Im Falle des Taxi-Gewerbes, Mietwagen-Gewerbe mit Personenkraftwagen, müssen mindestens € 7.500,00 für jedes Fahrzeug an Eigenkapital und unversteuerten Rücklagen verfügbar sein. Für die Berechnung sind die beantragten bzw. die von der Konzession umfassten Fahrzeuge heranzuziehen. Im gegenständlichen Fall muss daher ein Kapital in Höhe von € 60.000,-- nachgewiesen werden (8 Fahrzeuge)
Die finanzielle Leistungsfähigkeit im Falle des Taxi-Gewerbes, des Mietwagen-Gewerbes mit Personenkraftwagen, kann durch Vorlage eines Prüfberichtes einer Bank oder eines Wirtschaftstreuhänders erbracht werden (§ 3 Abs. 3 BZP-VO).
Es müssen darin Angaben zu den Kriterien des § 2 enthalten sein. Es muss ferner bestätigt werden, dass die Anschaffungskosten für die Fahrzeuge auch aufgebracht werden können. Ein Gutachten ist dazu nicht notwendig.
Vorweg ist auszuführen, dass sämtliche Fahrzeuge im Eigentum des Beschwerdeführers stehen und daher kein Nachweis für Anschaffungskosten zu erbringen ist.
Der Beschwerdeführer legte eine Bestätigung des Wirtschaftstreuhänders vor, aus welcher sich ergibt, dass der Beschwerdeführer eindeutig den Nachweis über die finanzielle Leistungsfähigkeit erbracht hat. Es wird dazu ausgeführt, dass der Beschwerdeführer über ein Betriebskapital (entsprechend den Wert der eigenen PKWs laut des Schätzgutachtens von E) in Höhe von € 73.100, -- verfügt.
Der Wert der im Eigentum befindlichen PKWs des Beschwerdeführers ergibt sich auf Grundlage des aktuellen nachvollziehbaren und schlüssigen Schätzungsgutachtens des E.

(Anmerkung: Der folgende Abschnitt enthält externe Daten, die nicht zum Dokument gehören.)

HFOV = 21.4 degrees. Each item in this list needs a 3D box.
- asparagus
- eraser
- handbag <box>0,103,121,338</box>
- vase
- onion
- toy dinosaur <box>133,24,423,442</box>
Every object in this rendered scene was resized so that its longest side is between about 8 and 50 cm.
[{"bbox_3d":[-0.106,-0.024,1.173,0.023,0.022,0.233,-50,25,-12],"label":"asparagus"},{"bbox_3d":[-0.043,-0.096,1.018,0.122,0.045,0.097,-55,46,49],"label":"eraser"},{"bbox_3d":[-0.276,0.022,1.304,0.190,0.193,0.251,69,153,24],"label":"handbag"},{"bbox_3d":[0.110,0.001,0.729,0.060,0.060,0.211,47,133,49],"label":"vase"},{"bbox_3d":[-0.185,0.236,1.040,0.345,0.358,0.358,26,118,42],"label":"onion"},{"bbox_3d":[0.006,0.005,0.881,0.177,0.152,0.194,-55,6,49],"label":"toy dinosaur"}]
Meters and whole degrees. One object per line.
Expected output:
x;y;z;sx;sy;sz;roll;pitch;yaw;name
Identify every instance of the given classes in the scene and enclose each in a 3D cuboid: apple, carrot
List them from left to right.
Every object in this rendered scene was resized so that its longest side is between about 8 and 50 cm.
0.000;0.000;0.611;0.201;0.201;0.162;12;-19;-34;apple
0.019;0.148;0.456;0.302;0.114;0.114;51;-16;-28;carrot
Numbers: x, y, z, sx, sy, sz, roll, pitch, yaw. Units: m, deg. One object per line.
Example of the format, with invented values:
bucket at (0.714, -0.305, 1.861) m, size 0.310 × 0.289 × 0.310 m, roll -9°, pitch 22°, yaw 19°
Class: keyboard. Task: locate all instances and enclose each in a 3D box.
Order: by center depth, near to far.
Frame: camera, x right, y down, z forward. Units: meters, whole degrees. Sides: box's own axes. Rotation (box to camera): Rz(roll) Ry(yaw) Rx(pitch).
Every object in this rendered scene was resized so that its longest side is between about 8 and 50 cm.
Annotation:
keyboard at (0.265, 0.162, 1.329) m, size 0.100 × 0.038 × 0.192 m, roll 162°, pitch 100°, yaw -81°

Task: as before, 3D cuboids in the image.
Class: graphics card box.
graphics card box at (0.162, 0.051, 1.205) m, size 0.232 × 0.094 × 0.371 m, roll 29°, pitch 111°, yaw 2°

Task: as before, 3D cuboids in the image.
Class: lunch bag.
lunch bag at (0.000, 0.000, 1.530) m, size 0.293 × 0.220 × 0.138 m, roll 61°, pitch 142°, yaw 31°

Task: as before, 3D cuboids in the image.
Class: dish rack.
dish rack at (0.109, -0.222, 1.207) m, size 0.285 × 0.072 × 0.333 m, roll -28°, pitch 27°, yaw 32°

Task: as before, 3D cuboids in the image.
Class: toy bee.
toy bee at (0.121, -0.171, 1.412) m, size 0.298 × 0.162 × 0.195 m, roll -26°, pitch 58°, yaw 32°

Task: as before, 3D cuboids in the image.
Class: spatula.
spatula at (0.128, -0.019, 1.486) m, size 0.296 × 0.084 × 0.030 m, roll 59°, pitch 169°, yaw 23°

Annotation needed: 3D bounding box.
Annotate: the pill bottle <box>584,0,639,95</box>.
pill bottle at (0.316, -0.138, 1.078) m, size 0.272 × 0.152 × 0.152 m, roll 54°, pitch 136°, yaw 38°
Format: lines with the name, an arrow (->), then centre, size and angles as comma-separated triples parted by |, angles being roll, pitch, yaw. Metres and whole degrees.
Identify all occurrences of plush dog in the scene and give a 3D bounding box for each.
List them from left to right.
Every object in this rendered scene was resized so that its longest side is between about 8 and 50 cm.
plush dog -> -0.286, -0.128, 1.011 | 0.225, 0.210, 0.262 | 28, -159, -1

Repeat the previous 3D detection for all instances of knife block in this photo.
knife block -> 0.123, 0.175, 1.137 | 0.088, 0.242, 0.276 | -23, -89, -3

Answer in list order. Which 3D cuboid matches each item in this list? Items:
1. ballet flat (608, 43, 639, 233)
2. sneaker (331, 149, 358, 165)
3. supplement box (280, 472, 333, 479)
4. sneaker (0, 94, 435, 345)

Da die in § 2 BZP-VO angegebenen Nachweise hinsichtlich der finanziellen Leistungsfähigkeit demonstrativ aufgezählt sind, hat der Beschwerdeführer durch seine vorgelegten Unterlagen jedenfalls den Nachweis seiner aktuellen finanziellen Leistungsfähigkeit erbracht (vgl. § 2 Abs. 1 Z 5 und § 3 Abs. 3 BZP-VO).
Auch hat der Beschwerdeführer dargelegt, dass die Ausübung des Gewerbes derzeit gesichert ist und alle laufenden monatlichen finanziellen Ausgaben gedeckt werden.

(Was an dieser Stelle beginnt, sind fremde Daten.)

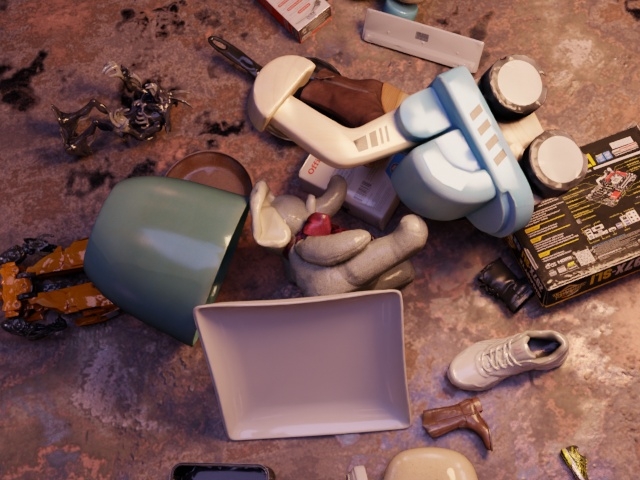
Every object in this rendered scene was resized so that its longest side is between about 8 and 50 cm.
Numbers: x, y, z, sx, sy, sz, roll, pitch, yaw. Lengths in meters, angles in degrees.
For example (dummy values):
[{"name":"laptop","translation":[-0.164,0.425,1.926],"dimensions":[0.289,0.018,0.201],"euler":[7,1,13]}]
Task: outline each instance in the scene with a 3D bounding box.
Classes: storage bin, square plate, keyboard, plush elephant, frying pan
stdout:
[{"name":"storage bin","translation":[-0.176,0.464,1.583],"dimensions":[0.180,0.084,0.122],"euler":[-1,73,6]},{"name":"square plate","translation":[-0.022,0.217,1.548],"dimensions":[0.347,0.344,0.049],"euler":[-5,38,4]},{"name":"keyboard","translation":[0.210,-0.416,1.835],"dimensions":[0.256,0.072,0.014],"euler":[19,36,11]},{"name":"plush elephant","translation":[0.000,0.000,1.613],"dimensions":[0.330,0.272,0.255],"euler":[-28,73,-3]},{"name":"frying pan","translation":[-0.102,-0.304,1.835],"dimensions":[0.326,0.053,0.197],"euler":[12,73,9]}]

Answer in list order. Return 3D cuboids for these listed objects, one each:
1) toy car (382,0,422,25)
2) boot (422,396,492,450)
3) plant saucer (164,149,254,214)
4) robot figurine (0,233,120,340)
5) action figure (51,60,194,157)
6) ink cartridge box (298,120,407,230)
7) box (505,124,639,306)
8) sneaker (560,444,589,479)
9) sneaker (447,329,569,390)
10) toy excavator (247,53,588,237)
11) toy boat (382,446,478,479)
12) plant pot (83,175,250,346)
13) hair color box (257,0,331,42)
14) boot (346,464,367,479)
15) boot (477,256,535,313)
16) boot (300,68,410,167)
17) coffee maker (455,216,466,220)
[{"name":"toy car","translation":[0.204,-0.611,1.857],"dimensions":[0.210,0.219,0.238],"euler":[41,51,17]},{"name":"boot","translation":[0.247,0.346,1.602],"dimensions":[0.114,0.037,0.106],"euler":[-15,58,-3]},{"name":"plant saucer","translation":[-0.230,-0.086,1.788],"dimensions":[0.198,0.036,0.199],"euler":[-1,73,5]},{"name":"robot figurine","translation":[-0.500,0.086,1.736],"dimensions":[0.291,0.085,0.211],"euler":[-11,71,2]},{"name":"action figure","translation":[-0.408,-0.271,1.813],"dimensions":[0.275,0.141,0.164],"euler":[-20,60,1]},{"name":"ink cartridge box","translation":[0.073,-0.129,1.747],"dimensions":[0.190,0.082,0.140],"euler":[28,77,14]},{"name":"box","translation":[0.509,-0.050,1.654],"dimensions":[0.322,0.079,0.257],"euler":[-21,58,-3]},{"name":"sneaker","translation":[0.462,0.402,1.566],"dimensions":[0.035,0.031,0.083],"euler":[-29,72,-4]},{"name":"sneaker","translation":[0.341,0.205,1.596],"dimensions":[0.232,0.115,0.090],"euler":[-19,71,0]},{"name":"toy excavator","translation":[0.154,-0.167,1.490],"dimensions":[0.445,0.222,0.433],"euler":[-26,85,-17]},{"name":"toy boat","translation":[0.254,0.498,1.512],"dimensions":[0.318,0.148,0.268],"euler":[1,67,14]},{"name":"plant pot","translation":[-0.286,0.014,1.602],"dimensions":[0.235,0.293,0.293],"euler":[22,75,-2]},{"name":"hair color box","translation":[-0.065,-0.517,1.901],"dimensions":[0.093,0.053,0.167],"euler":[-40,72,-8]},{"name":"boot","translation":[0.031,0.527,1.534],"dimensions":[0.123,0.095,0.258],"euler":[-2,73,-2]},{"name":"boot","translation":[0.368,0.071,1.677],"dimensions":[0.121,0.045,0.099],"euler":[-41,67,-9]},{"name":"boot","translation":[0.054,-0.241,1.710],"dimensions":[0.206,0.090,0.248],"euler":[19,42,13]},{"name":"coffee maker","translation":[0.228,-0.142,1.695],"dimensions":[0.171,0.120,0.178],"euler":[19,70,-32]}]

Da die Bestimmung des § 5 GelverkG iVm § 2 und § 3 der BZP-VO in erster Linie eine Gläubigerschutzbestimmung ist und der Beschwerdeführer den Nachweis seiner finanziellen Leistungsfähigkeit erbracht hat, wäre eine Entziehung der Gewerbeberechtigungen zum Zeitpunkt der Entscheidung durch das Gericht derzeit auch unverhältnismäßig.

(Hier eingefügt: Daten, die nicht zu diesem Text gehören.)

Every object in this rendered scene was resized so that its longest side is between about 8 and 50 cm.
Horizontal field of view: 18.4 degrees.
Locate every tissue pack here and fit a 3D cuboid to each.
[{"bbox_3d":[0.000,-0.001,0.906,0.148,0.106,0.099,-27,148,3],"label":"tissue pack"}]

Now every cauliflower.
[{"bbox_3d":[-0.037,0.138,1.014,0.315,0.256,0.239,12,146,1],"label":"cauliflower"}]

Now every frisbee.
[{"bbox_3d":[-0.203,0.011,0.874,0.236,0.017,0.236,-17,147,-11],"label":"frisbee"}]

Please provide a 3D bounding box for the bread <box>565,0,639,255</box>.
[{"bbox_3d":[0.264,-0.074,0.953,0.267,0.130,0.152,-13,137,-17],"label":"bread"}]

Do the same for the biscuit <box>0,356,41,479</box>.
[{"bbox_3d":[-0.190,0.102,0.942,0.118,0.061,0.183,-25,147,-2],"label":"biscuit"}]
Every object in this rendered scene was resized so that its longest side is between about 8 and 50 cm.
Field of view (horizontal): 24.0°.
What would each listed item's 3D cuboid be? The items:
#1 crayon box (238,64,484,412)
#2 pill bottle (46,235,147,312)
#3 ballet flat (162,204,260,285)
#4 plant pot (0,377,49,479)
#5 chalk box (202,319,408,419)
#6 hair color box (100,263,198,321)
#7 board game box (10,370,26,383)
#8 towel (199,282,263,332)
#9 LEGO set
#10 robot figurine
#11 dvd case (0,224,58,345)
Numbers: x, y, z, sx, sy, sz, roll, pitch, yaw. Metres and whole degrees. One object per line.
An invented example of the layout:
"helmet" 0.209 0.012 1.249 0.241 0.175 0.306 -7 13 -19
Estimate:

Zur Unzulässigkeit der ordentlichen Revision:
Die ordentliche Revision ist nicht zulässig, da im gegenständlichen Fall keine Rechtsfrage von grundsätzlicher Bedeutung zu lösen war, weil sich die Entscheidung auf den eindeutigen und klaren Gesetzeswortlaut stützen kann (vgl. dazu die Rechtsprechung des VwGH vom 15.12.2016, Ra 2016/18/0343).